Trump is not that group think guy. He was never that guy and never will be that guy. You don’t become a billionaire doing what every one else is doing only a little more. You become a billionaire by shattering the Overton Window or in market parlance the Eugen Fama Efficient Market Hypothesis window. You actually go against like George Soros the Bank of England and win or you buy a beaten down hotel next to Grand Central Station in New York City and turn it into a marquee property. Now this is of course both Trump’s strength and weakness: the fact that while in many ways incredibly responsive to his customers in this case voters he doesn’t accept the paint already on the canvas. This caused him a lot of problems in his first term as he tried to change the canvas but metaphorically did not realize how resistant the paint was and tried to do so with the same palette and paint brushes. Here’s the key point though Trump is now back in power, he knows the canvas incredibly well, he’s got all new paint brushes and paint. And believers in the earlier consensus such as Musk and even Bezos and Zuckerberg are if anything now on his side. He is not going to do for better and for worse that old consensus group think thing. Think of it to continue the metaphor like the beginnings of abstract expressionism–and the art world itself is likely to move in this very direction in the next decade, but consider it as a big change of this sort. If you’re still thinking WPA huge worker murals as a market participant you are not prepared for what is coming on the horizon. You’re a little bit like an art curator or critic when abstract expressionism started to emerge as a powerful new art force in the 50’s. The Overton Window is about to change from a fairly predictable landscape painting or photograph perhaps in contemporary form of earth moving projects somewhere in the Third World to a complex Kandinsky, Pollock, or Dekooning painting or Siskind photo. Whatever you do don’t say you had no warning about this huge change to markets and valuations.

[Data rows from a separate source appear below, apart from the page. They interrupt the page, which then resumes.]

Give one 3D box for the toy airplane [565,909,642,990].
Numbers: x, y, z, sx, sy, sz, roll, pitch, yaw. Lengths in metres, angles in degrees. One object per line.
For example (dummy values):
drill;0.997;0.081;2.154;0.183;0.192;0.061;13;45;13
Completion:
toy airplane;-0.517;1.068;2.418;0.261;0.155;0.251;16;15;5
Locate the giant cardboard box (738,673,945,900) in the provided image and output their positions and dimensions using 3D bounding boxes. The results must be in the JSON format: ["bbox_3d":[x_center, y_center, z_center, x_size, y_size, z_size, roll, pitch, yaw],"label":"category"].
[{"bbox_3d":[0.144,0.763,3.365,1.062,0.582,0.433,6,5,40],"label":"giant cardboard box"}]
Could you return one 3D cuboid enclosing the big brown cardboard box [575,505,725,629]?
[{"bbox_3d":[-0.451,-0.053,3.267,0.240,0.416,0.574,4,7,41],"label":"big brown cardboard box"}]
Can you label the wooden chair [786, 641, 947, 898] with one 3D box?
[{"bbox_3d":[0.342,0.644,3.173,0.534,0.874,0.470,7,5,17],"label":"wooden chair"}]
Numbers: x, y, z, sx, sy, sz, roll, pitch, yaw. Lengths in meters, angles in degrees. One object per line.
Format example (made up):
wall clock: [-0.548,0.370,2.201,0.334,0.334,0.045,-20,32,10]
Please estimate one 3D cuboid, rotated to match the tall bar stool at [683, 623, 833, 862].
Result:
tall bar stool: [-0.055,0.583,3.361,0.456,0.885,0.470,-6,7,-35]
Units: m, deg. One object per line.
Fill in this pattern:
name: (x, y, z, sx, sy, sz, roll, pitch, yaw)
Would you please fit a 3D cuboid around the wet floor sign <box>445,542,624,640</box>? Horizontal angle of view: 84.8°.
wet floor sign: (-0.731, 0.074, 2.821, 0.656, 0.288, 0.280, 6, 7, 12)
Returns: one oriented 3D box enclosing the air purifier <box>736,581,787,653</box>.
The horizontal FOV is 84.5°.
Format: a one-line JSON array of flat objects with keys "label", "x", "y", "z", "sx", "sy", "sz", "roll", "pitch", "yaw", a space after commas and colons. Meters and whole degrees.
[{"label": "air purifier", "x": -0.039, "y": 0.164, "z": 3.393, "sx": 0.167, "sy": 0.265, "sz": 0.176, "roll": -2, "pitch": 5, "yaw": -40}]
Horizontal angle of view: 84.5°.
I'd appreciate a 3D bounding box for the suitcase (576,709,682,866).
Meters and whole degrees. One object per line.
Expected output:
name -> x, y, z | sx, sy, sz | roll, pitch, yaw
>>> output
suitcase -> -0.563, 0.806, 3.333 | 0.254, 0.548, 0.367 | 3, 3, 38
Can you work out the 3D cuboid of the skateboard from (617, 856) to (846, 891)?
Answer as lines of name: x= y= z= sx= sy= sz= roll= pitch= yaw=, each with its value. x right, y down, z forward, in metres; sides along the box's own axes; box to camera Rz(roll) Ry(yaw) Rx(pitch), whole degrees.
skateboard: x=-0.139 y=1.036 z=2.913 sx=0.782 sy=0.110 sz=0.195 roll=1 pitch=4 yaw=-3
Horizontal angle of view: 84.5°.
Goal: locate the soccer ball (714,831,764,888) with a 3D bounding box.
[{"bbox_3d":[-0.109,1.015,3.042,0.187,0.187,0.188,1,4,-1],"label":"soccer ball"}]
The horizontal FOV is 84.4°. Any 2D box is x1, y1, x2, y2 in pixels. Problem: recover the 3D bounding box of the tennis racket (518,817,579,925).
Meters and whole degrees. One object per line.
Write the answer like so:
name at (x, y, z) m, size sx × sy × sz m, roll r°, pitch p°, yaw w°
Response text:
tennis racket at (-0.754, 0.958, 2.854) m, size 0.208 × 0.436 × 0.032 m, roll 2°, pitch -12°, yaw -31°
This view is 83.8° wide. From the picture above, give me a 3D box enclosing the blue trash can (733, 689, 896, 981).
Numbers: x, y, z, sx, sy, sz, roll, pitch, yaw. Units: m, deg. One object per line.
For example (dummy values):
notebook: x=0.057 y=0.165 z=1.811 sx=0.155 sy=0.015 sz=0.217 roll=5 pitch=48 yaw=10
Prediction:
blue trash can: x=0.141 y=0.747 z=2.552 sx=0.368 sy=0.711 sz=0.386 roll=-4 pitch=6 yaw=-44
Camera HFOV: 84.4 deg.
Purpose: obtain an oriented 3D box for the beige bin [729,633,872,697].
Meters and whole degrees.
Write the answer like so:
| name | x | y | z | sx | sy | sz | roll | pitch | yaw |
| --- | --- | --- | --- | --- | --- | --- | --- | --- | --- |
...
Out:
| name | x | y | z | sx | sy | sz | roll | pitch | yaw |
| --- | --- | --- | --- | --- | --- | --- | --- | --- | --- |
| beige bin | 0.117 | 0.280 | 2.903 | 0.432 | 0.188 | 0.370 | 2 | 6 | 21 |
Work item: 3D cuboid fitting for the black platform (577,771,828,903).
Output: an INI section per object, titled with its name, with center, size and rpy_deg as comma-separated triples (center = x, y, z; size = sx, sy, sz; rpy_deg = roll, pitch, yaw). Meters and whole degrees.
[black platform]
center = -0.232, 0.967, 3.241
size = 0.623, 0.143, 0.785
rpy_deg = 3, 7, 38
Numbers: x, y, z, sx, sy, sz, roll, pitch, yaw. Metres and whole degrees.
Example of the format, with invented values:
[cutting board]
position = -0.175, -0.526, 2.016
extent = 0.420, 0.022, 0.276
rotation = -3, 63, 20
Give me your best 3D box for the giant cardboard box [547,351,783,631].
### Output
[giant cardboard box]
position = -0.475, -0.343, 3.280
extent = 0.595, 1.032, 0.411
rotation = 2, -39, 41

Disclaimer– the information discussed is simply one person’s opinion nothing more or less. It is only for entertainment purposes. By using this blog you assume all risks associated with using this advice, suggestions, information, conclusions and everything else contained here-in and that you completely and fully understand that you and you alone are 100 per cent responsible for anything that occurs from using this information and material in anyway whatsoever–regardless of how you interpret any discussion, conclusions or advice contained here-in. Any discussion of actual stocks or investments is in no way a recommendation and is only for educational purposes. You should listen to many competing opinions, consider all the counterfactuals to what is argued, seek out always if necessary professional advice, and of course ultimately make your own decisions about the markets.